Iraq’s efforts to broker a reconciliation agreement between Syria and Turkey could bring Iran closer to its long-term goal of expelling US troops from northeast Syria, but with the Middle East on fire from the war in Gaza, senior US officials are shrugging off the prospect, said a report by the Middle East Eye (MEE) English website.
According to the British website, US officials paid lip service to the topic during their meetings with Iraq’s Foreign Minister Fuad Hussein in Washington earlier this month, two former US officials and one current Arab official told MEE.
“Iraq told the US before it started this process that it was working on a reconciliation agreement,” the Arab official told MEE. “The US has been indifferent”.
While Washington continues to officially oppose its partners normalizing with Damascus, it has all but given up actively enforcing the policy.
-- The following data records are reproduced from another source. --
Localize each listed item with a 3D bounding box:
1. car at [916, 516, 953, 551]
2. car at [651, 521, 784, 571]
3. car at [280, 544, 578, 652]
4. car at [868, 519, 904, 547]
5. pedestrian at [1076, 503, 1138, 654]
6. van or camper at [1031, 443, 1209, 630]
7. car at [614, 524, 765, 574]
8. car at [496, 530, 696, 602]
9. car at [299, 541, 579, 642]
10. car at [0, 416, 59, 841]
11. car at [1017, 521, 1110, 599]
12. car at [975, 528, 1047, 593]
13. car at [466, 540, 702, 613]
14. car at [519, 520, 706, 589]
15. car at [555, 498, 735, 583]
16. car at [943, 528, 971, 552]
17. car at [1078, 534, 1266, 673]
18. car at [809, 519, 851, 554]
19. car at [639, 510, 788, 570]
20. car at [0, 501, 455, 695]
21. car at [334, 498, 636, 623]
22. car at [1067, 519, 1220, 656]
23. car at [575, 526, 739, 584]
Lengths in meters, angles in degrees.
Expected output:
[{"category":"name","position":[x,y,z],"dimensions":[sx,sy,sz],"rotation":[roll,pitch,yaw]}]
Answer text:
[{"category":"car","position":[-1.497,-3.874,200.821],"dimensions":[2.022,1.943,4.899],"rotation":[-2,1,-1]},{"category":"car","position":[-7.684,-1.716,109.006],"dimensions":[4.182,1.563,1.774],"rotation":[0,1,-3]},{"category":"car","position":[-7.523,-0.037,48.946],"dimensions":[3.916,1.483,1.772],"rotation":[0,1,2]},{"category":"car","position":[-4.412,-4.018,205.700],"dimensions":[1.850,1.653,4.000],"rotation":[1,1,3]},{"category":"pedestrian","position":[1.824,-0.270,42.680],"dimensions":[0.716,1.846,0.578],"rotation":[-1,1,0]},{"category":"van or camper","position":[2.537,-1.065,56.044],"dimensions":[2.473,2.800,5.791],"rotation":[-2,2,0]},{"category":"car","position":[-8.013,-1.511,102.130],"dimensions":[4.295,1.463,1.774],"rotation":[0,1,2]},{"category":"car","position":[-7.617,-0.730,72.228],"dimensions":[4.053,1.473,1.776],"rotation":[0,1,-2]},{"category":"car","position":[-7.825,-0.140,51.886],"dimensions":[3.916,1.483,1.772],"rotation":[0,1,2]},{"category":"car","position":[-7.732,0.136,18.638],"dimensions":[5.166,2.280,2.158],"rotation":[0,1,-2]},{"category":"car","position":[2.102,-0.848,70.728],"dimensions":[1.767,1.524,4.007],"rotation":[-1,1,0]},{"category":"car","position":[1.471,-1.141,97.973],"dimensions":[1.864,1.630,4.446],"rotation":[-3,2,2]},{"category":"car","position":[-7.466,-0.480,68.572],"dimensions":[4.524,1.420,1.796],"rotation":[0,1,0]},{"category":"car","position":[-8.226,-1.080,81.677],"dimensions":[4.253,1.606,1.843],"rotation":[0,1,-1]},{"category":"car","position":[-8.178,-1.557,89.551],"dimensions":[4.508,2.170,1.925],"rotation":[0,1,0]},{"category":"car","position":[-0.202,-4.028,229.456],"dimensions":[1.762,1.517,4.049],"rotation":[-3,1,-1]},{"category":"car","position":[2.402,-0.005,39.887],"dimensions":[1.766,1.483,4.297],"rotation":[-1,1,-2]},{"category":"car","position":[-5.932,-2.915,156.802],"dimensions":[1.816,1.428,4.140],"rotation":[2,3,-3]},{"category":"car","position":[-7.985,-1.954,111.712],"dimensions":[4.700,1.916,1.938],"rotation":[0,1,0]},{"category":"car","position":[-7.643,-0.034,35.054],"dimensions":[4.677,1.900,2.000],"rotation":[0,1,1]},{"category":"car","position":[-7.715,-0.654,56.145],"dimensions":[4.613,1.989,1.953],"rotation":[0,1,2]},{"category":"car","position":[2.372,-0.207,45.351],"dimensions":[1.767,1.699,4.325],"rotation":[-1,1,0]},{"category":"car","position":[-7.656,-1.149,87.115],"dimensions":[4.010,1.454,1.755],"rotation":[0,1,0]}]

In May, Syrian President Bashar al-Assad was in Bahrain to attend his second Arab League summit since his debut reappearance at the summit in Saudi Arabia in 2023. Last week, Syria and Saudi Arabia resumed direct flights, expanding connections Damascus already has in the Gulf beyond the UAE.
If successful, Baghdad’s bid to achieve a reconciliation deal between Turkey and Syria could be more impactful for the US, analysts say, because of the US military presence in northeast Syria.
Syria's decade-long foreign-backed war ended with the legitimate Syrian government controlling about two-thirds of Syria. The occupied region of northeast Syria which is controlled by the US-backed Syrian Syrian Democratic Forces (SDF) led by the Kurdish militia group known as the YPG constitutes the other roughly one-third.
Driving the US out of the northeast is a long-term goal of President Bashar Assad's government, Russia and Iran, the MEE report concluded.